Dopo aver verificato che fosse tutto a posto, iniziai a suonare la prima canzone che mi venne in mente, un preludio di Chopin. Chiusi gli occhi, concentrandomi unicamente sulla musica, che sapevo a memoria; li riaprii solamente quando la mia quiete fu interrotta dal fragoroso applauso di Lewis. Mi voltai di scatto verso di lui, che capì l'errore e si interruppe subito.

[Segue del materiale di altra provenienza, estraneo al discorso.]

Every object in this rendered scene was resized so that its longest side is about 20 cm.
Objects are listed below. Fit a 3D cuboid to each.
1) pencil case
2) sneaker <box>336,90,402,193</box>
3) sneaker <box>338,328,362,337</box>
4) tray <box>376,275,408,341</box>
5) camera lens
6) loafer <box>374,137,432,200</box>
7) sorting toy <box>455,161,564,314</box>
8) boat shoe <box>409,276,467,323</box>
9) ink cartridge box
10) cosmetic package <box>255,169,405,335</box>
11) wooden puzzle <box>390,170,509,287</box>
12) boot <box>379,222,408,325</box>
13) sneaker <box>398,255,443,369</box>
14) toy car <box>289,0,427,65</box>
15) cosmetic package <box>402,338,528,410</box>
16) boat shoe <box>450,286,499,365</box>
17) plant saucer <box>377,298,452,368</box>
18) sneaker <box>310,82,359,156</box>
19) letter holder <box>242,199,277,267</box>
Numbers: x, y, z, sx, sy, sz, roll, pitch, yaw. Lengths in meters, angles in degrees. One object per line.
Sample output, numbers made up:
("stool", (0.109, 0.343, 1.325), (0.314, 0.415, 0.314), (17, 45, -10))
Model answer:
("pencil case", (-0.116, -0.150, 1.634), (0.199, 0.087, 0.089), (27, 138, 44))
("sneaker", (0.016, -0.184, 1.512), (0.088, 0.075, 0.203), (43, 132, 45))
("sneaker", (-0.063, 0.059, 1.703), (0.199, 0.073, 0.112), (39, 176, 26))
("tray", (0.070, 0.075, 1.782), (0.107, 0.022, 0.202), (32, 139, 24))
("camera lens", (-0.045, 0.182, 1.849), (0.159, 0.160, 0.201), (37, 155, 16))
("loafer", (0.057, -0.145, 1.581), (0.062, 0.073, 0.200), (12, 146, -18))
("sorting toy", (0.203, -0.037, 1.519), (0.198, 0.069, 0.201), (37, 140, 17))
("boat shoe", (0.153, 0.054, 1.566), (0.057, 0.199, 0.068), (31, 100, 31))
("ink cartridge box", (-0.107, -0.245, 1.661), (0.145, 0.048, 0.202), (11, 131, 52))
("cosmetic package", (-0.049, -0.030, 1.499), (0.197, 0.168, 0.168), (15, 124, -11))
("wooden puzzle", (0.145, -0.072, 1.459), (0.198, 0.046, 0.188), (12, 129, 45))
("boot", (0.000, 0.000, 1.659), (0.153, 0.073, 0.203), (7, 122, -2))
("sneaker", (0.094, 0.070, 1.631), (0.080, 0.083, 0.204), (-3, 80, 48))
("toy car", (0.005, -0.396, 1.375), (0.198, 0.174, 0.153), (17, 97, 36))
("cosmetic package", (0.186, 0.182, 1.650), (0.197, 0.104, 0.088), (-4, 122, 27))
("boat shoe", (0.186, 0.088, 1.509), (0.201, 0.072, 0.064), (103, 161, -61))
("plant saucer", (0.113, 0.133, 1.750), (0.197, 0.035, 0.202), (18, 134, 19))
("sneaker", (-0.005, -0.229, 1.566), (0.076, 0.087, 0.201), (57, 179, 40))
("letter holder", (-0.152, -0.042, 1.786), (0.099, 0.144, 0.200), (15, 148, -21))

Nelle settimane che passai al Green Light Hotel tutte le sere iniziai a scendere nella hall e suonare il pianoforte, con l'autorizzazione di un Lewis sempre contento di vedermi. Ben presto, iniziai a comporre nuova musica, dato che le mie vecchie canzoni d'amore erano inutilizzabili. In quella stanza composi la maggior parte del mio album di debutto, tra lacrime e applausi del custode che divenne un mio amico fidato in uno dei momenti più bassi della mia vita.

You gave me love, you gave me fire,

But it's time for me to go.

You know I had to fly away,

I'm a butterfly leaving its place.*

nota:

*traduzione: (da Butterfly, Lucille Clarke)

Mi hai dato amore, mi hai dato fuoco,

Ma è ora per me di andare.

Sai che ho dovuto volare via,

Sono una farfalla che lascia il suo posto.